## What needs to be done
Return precisely the opening lines of the listing below, ending with the line that contains "Answer: Trends in".

Dataset content below:

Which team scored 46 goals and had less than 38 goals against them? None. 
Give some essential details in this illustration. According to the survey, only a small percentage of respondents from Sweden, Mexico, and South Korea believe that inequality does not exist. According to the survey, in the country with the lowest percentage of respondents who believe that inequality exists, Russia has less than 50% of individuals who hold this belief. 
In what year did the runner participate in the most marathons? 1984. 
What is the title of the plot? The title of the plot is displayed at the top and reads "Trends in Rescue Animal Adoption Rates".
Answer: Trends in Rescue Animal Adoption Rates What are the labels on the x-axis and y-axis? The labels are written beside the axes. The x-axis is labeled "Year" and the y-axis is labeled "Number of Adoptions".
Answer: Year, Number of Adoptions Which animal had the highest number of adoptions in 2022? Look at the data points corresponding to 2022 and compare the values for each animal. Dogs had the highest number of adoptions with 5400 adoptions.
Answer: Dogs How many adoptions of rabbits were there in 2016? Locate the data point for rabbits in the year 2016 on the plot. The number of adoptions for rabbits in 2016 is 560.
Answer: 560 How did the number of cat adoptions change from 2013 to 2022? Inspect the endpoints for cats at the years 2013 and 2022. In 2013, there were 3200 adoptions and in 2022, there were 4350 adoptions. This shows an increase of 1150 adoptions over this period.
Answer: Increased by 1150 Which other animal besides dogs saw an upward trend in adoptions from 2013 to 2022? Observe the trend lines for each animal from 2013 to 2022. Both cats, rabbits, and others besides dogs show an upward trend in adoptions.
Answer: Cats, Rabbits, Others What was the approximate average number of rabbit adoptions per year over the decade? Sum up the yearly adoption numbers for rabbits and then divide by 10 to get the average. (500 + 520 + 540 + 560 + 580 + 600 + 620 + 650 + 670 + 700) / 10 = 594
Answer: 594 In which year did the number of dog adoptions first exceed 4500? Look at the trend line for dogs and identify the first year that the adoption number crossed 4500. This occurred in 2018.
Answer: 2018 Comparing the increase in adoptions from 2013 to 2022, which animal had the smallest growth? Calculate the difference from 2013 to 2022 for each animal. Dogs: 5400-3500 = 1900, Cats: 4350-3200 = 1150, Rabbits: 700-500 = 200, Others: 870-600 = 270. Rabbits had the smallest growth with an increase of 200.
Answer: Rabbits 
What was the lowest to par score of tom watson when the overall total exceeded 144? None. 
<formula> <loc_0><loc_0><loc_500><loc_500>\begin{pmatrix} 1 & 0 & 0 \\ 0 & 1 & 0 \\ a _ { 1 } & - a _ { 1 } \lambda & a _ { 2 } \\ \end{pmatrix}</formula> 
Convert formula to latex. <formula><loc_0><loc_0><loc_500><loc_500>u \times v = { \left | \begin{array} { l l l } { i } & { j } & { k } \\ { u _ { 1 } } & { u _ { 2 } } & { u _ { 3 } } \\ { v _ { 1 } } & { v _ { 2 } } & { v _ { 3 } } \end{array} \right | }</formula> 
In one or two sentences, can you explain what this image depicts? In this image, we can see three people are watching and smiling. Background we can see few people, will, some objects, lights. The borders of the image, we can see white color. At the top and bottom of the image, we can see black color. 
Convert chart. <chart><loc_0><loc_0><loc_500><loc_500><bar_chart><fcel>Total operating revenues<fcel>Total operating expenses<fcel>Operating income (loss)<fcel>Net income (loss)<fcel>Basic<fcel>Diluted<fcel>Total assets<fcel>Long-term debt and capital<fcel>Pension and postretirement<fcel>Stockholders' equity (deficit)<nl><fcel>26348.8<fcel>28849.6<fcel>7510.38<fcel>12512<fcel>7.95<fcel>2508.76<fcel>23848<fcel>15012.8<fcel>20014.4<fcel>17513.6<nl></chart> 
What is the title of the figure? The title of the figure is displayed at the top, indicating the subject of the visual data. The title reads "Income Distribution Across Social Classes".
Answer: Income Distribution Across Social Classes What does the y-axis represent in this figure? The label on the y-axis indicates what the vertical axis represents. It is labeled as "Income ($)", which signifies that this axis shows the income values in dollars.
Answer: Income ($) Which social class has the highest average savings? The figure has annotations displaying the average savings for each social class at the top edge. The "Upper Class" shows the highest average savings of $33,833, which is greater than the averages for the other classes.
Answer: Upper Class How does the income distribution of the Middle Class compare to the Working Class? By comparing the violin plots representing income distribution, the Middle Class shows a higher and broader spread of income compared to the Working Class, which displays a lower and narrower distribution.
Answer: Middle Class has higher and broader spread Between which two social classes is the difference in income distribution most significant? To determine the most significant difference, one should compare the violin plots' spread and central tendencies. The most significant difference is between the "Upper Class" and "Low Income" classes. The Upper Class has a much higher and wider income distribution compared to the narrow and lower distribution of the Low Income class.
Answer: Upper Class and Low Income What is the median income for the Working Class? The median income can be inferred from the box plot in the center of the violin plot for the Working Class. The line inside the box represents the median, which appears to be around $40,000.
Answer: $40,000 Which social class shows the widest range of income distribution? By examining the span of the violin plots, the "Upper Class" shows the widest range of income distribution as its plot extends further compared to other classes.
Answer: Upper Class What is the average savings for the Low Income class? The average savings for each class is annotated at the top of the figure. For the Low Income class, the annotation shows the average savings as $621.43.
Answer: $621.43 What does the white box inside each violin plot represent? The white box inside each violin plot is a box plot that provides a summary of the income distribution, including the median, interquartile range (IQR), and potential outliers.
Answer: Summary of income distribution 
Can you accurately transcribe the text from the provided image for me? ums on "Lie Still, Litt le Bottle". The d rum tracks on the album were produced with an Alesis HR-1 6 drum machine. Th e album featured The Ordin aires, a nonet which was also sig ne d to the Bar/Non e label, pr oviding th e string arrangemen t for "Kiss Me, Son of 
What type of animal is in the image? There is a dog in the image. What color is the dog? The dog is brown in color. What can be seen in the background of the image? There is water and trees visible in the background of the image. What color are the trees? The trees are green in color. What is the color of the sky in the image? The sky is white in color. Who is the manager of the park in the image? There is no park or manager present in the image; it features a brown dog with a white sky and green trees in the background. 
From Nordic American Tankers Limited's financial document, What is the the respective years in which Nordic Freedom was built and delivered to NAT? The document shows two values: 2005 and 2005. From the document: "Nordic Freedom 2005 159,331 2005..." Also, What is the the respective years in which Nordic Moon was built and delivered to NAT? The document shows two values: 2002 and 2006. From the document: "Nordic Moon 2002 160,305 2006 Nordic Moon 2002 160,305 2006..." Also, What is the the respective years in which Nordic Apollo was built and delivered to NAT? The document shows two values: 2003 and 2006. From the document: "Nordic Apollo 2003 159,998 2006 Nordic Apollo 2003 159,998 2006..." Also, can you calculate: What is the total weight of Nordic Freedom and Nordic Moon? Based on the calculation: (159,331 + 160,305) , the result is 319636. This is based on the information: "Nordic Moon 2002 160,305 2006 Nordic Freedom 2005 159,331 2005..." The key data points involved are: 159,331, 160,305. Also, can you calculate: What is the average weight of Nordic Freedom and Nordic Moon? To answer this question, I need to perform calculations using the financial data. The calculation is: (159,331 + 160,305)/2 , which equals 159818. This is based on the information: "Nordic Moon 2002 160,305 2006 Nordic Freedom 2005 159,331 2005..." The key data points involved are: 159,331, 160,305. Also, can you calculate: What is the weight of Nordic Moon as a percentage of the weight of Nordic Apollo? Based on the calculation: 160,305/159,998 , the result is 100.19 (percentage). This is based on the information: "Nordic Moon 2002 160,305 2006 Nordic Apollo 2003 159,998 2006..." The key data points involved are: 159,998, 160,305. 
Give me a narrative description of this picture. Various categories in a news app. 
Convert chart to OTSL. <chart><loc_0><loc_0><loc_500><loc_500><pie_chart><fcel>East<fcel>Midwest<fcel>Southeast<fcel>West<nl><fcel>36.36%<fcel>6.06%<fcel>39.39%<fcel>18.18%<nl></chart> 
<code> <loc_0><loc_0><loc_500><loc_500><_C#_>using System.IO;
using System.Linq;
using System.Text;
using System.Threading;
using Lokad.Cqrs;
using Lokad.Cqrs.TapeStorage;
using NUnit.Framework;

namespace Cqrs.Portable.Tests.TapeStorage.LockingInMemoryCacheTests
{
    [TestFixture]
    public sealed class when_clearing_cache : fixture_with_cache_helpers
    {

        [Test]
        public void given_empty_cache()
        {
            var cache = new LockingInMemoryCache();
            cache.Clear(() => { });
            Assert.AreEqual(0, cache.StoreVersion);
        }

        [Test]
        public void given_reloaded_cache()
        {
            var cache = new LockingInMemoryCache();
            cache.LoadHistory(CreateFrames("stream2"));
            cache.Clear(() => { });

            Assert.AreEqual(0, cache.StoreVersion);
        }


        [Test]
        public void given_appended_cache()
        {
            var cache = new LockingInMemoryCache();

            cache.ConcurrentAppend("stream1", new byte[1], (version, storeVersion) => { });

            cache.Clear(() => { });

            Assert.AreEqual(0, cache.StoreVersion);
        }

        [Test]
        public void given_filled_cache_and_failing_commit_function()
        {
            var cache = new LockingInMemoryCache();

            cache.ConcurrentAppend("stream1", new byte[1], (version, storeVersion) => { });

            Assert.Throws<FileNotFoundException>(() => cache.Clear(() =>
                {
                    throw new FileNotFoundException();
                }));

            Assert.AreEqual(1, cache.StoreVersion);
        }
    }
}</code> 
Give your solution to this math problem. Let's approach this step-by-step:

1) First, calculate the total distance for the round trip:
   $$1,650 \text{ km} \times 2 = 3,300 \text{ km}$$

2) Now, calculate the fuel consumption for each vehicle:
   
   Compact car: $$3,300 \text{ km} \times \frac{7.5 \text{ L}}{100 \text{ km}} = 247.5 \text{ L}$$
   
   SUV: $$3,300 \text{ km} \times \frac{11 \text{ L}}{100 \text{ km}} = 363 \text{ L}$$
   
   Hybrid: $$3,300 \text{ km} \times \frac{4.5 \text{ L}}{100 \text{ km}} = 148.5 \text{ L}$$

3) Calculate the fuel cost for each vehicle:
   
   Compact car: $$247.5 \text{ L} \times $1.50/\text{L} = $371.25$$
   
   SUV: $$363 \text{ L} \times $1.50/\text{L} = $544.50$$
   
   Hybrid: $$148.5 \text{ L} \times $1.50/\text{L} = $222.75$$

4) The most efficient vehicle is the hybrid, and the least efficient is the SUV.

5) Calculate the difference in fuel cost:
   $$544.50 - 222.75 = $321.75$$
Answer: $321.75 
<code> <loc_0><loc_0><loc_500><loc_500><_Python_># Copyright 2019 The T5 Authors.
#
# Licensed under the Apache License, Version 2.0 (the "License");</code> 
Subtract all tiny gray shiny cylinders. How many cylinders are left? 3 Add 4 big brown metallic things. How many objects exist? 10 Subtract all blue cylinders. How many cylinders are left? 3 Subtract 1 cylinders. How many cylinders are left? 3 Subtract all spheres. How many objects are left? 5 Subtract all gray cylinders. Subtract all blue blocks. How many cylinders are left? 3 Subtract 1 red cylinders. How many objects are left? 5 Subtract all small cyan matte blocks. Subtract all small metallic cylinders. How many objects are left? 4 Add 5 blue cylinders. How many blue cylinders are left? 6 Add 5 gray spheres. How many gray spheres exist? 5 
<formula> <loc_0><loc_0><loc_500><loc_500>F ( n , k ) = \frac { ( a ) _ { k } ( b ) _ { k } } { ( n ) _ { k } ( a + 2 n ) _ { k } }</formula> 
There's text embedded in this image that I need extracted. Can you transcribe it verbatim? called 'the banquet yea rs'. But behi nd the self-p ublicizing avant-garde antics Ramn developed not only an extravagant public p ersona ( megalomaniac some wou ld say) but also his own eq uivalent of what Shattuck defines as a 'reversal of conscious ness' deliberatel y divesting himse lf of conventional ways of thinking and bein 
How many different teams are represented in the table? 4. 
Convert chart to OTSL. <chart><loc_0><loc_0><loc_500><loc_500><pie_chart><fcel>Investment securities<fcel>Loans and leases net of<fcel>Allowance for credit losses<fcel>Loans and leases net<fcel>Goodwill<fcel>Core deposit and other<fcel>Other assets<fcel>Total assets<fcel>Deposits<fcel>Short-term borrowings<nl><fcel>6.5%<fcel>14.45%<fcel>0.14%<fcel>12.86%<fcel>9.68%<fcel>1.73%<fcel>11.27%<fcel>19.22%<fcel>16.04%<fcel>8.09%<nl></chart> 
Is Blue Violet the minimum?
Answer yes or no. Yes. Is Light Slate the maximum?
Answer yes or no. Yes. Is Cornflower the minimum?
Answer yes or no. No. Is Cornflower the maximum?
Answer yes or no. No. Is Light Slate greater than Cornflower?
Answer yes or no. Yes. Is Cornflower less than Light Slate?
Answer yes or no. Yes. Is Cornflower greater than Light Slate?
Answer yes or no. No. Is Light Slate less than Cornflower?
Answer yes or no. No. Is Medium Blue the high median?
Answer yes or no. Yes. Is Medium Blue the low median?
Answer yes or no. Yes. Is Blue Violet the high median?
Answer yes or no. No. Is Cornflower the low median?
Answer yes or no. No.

End of Dataset content.

## Result for this exercise
Which team scored 46 goals and had less than 38 goals against them? None. 
Give some essential details in this illustration. According to the survey, only a small percentage of respondents from Sweden, Mexico, and South Korea believe that inequality does not exist. According to the survey, in the country with the lowest percentage of respondents who believe that inequality exists, Russia has less than 50% of individuals who hold this belief. 
In what year did the runner participate in the most marathons? 1984. 
What is the title of the plot? The title of the plot is displayed at the top and reads "Trends in Rescue Animal Adoption Rates".
Answer: Trends in Rescue Animal Adoption Rates What are the labels on the x-axis and y-axis? The labels are written beside the axes. The x-axis is labeled "Year" and the y-axis is labeled "Number of Adoptions".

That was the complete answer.